■ **Exercise prompt**
Return the number of lines below that contain "have"; nothing else belongs in the reply.

Items from a dataset
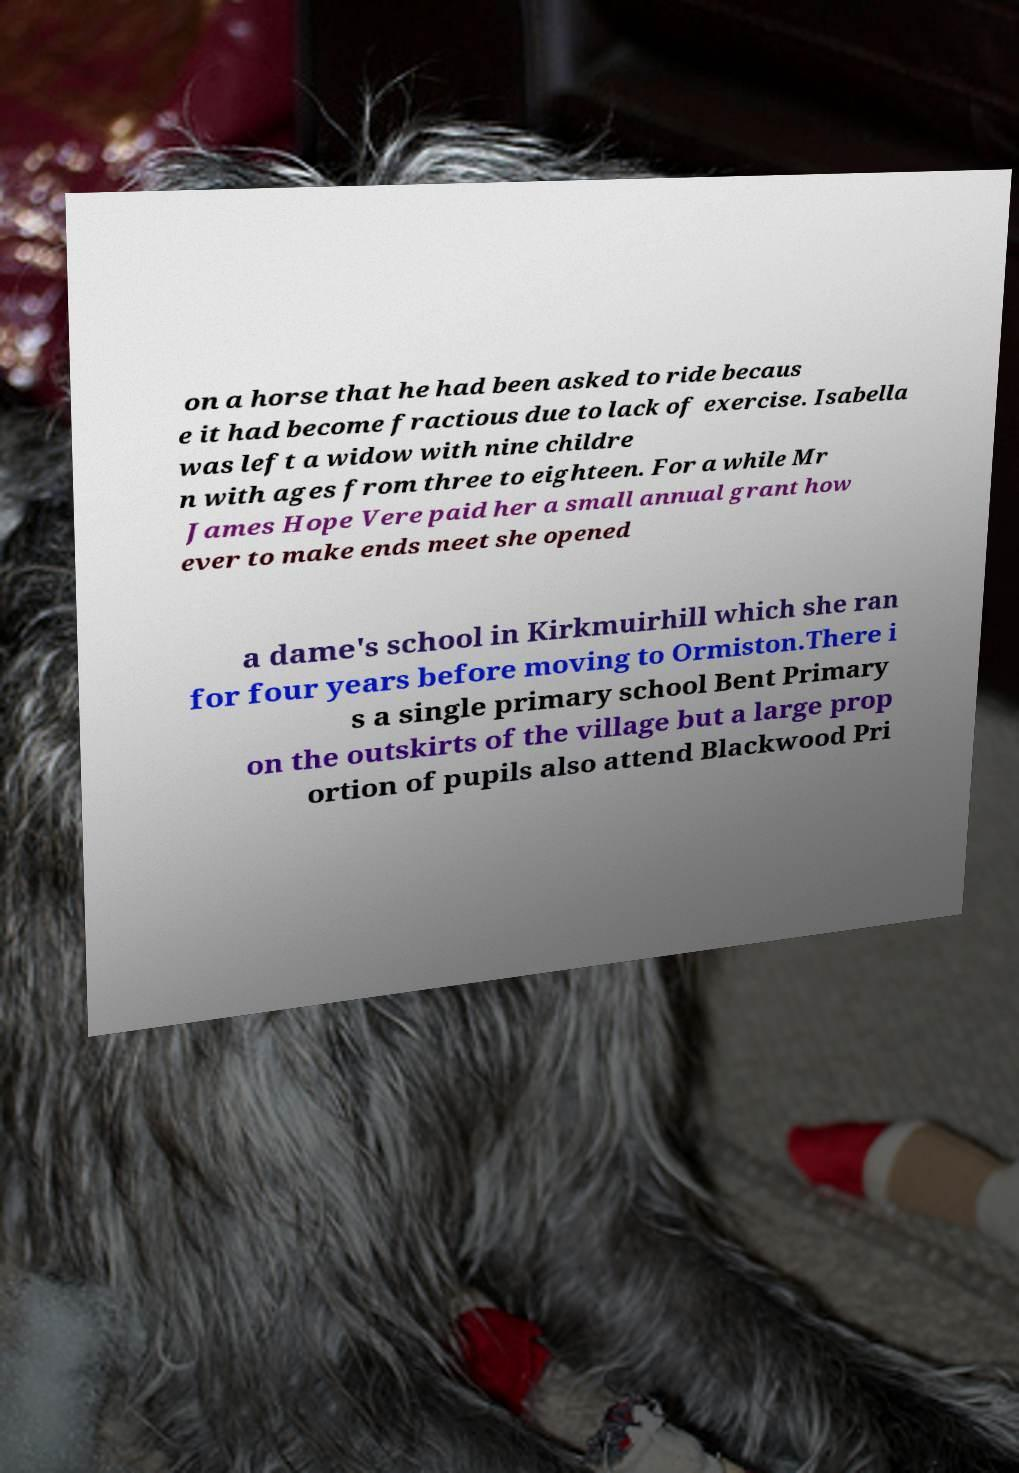What messages or text are displayed in this image? I need them in a readable, typed format. on a horse that he had been asked to ride becaus e it had become fractious due to lack of exercise. Isabella was left a widow with nine childre n with ages from three to eighteen. For a while Mr James Hope Vere paid her a small annual grant how ever to make ends meet she opened a dame's school in Kirkmuirhill which she ran for four years before moving to Ormiston.There i s a single primary school Bent Primary on the outskirts of the village but a large prop ortion of pupils also attend Blackwood Pri 
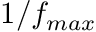<formula> <loc_0><loc_0><loc_500><loc_500>1 / f _ { \max }</formula> 
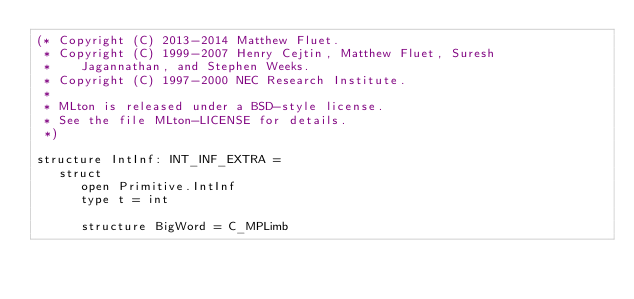<code> <loc_0><loc_0><loc_500><loc_500><_SML_>(* Copyright (C) 2013-2014 Matthew Fluet.
 * Copyright (C) 1999-2007 Henry Cejtin, Matthew Fluet, Suresh
 *    Jagannathan, and Stephen Weeks.
 * Copyright (C) 1997-2000 NEC Research Institute.
 *
 * MLton is released under a BSD-style license.
 * See the file MLton-LICENSE for details.
 *)

structure IntInf: INT_INF_EXTRA =
   struct
      open Primitive.IntInf
      type t = int

      structure BigWord = C_MPLimb</code> 
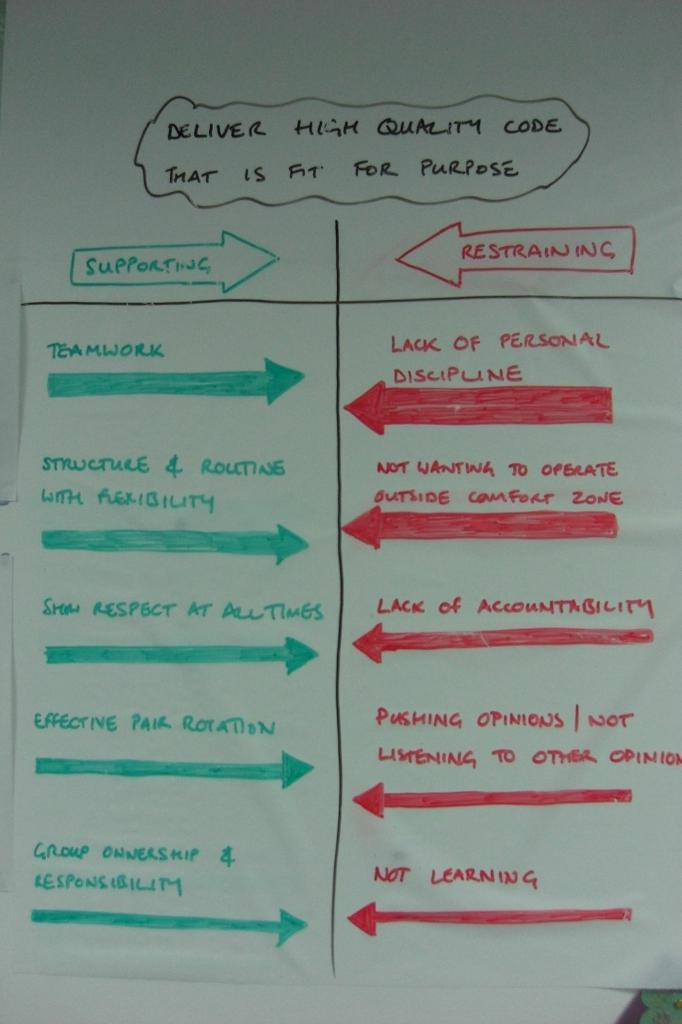<image>
Create a compact narrative representing the image presented. A white board has a lot of writing and says Delivery High Quality Code That is Fit For Purpose. 
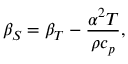<formula> <loc_0><loc_0><loc_500><loc_500>\beta _ { S } = \beta _ { T } - { \frac { \alpha ^ { 2 } T } { \rho c _ { p } } } ,</formula> 
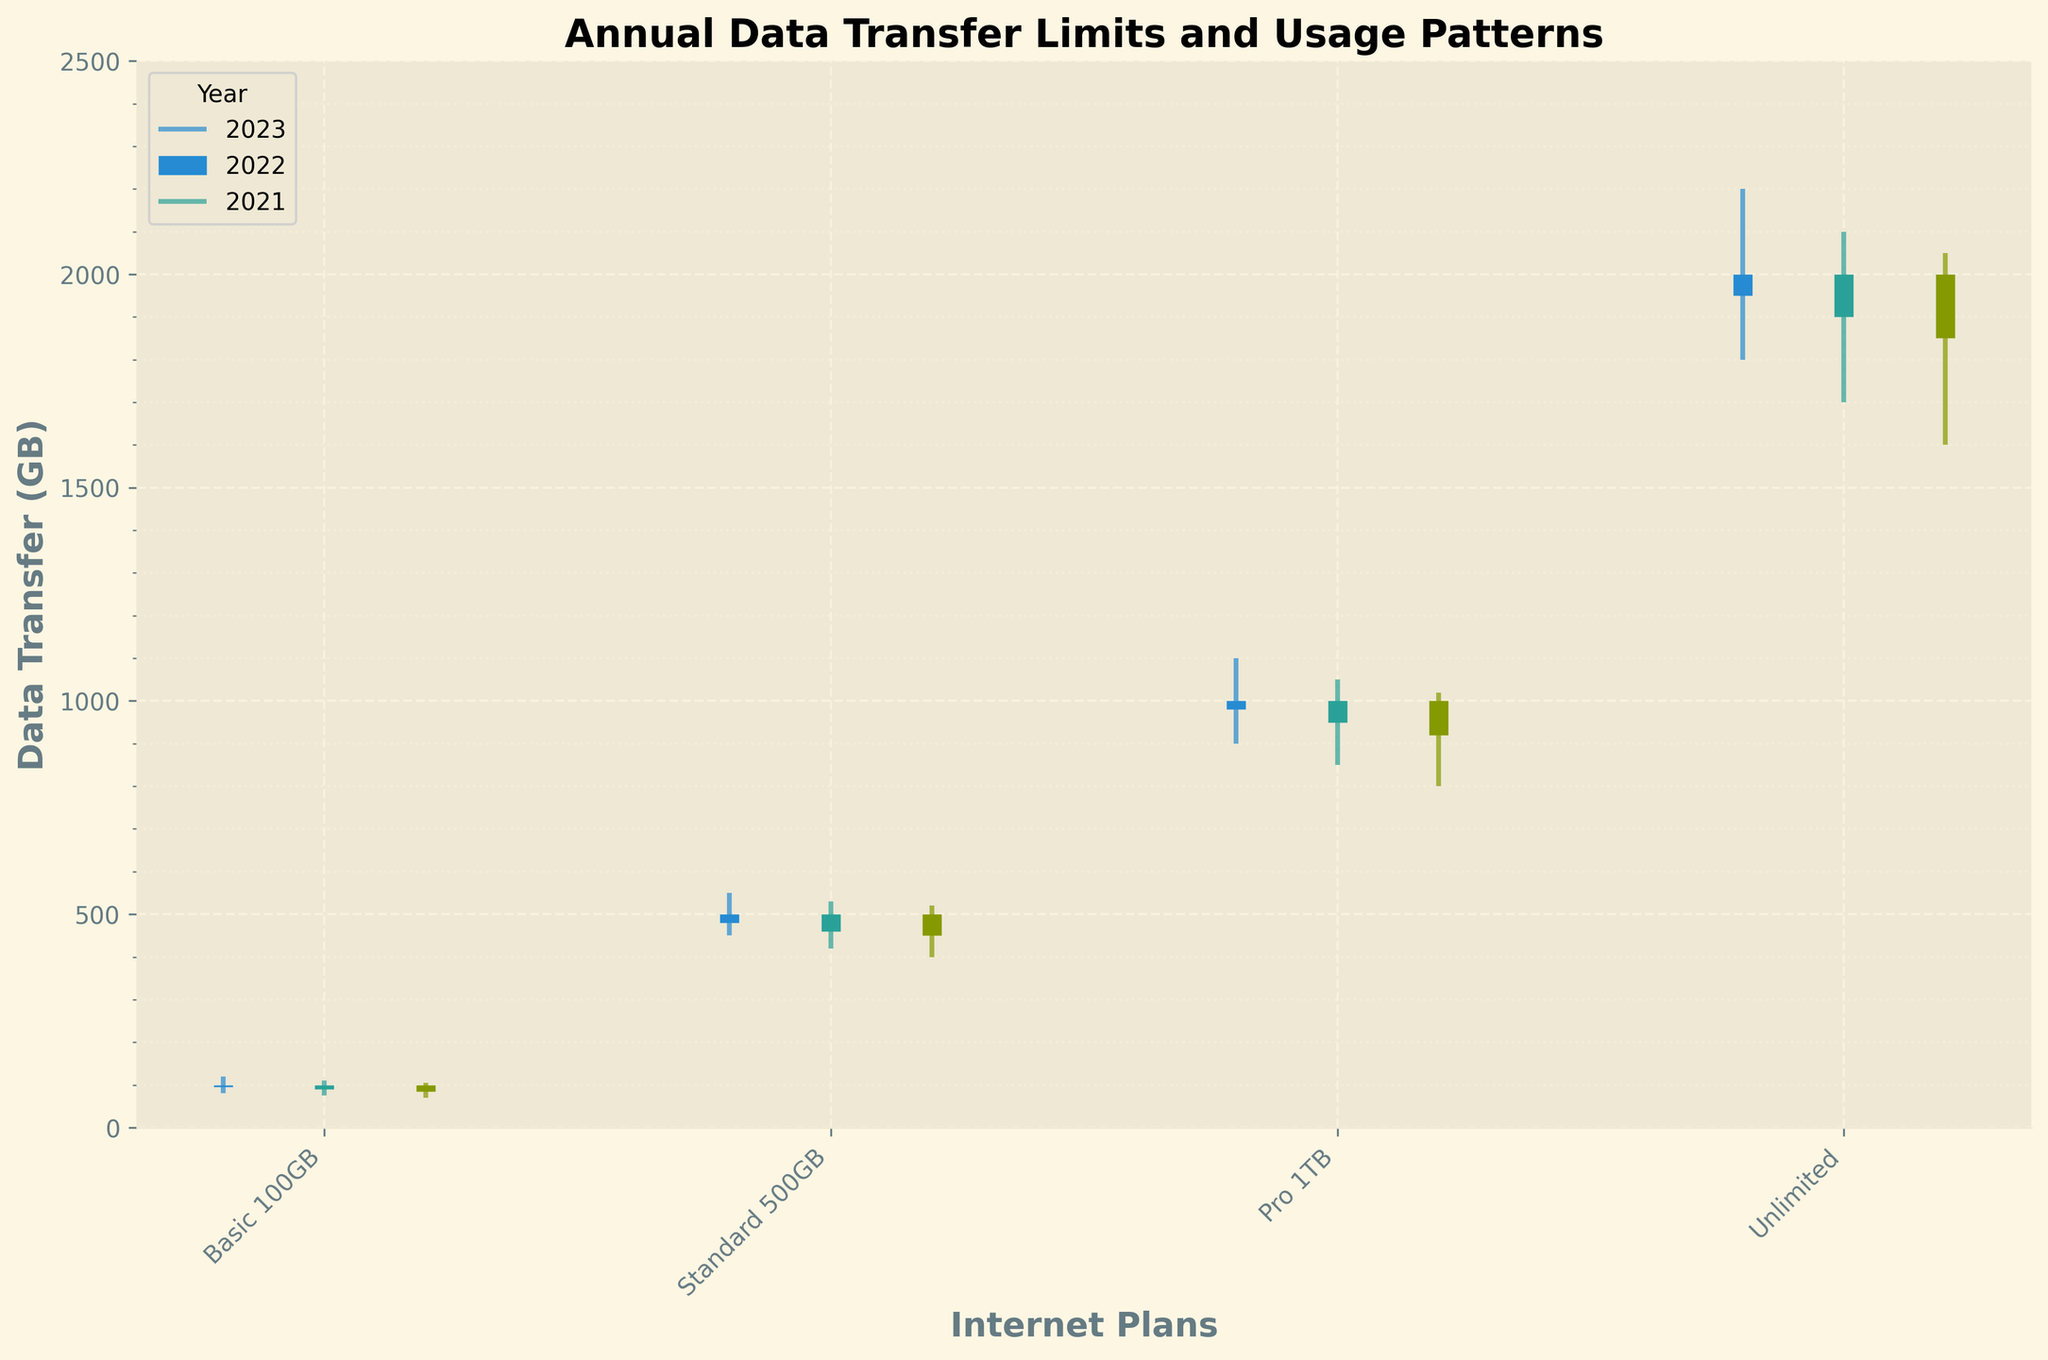What is the title of the figure? The title is located at the top of the figure and it describes what the figure is about. In this case, it is 'Annual Data Transfer Limits and Usage Patterns'.
Answer: Annual Data Transfer Limits and Usage Patterns How many internet plans are depicted in the figure? The number of internet plans can be determined from the x-axis labels. There are four labels: Basic 100GB, Standard 500GB, Pro 1TB, and Unlimited.
Answer: 4 What is the highest data transfer usage recorded for the Unlimited plan in 2023? The highest data transfer usage for each year is represented by the top end of the vertical lines (high value). For the Unlimited plan in 2023, it is 2200 GB.
Answer: 2200 GB Which internet plan had the lowest recorded data transfer in 2022? The lowest data transfer is represented by the bottom end of the vertical lines (low value). The Basic 100GB plan in 2022 had the lowest value of 75 GB.
Answer: Basic 100GB What was the data transfer range (difference between high and low values) for the Pro 1TB plan in 2023? The range can be calculated by subtracting the low value from the high value. For the Pro 1TB plan in 2023, it is 1100 - 900 = 200.
Answer: 200 GB Comparing the Standard 500GB plan, did the data transfer increase or decrease from 2022 to 2023? To determine this, compare the close values (end points of thicker lines) of the two years. The Standard 500GB plan closed at 460 GB in 2022 and 480 GB in 2023, so the data transfer increased.
Answer: Increased Which plan shows the smallest variation in data transfer usage in 2021? Variation can be determined by the distance between high and low values (shortest vertical line). The Basic 100GB plan in 2021 has the smallest variation with a range of 105 - 70 = 35.
Answer: Basic 100GB For the Unlimited plan, how much did the closed data transfer change between 2021 and 2023? Subtract the close value of 2021 from the close value of 2023 for the Unlimited plan. The change is 1950 (2023) - 1850 (2021) = 100.
Answer: 100 GB In which year did the Basic 100GB plan have the highest open value? The open value is represented by the bottom of the thick line. For the Basic 100GB plan, the highest open value (100 GB) was the same across all three years (2021, 2022, and 2023).
Answer: All years (2021, 2022, 2023) Which plan exhibits the largest data transfer fluctuation (difference between high and low values) across all years? The plan with the largest fluctuation will have the largest vertical line length. Across all years, the Unlimited plan shows the largest fluctuation, especially in 2023 with a range of 2200 - 1800 = 400.
Answer: Unlimited

■ **Answer box**
2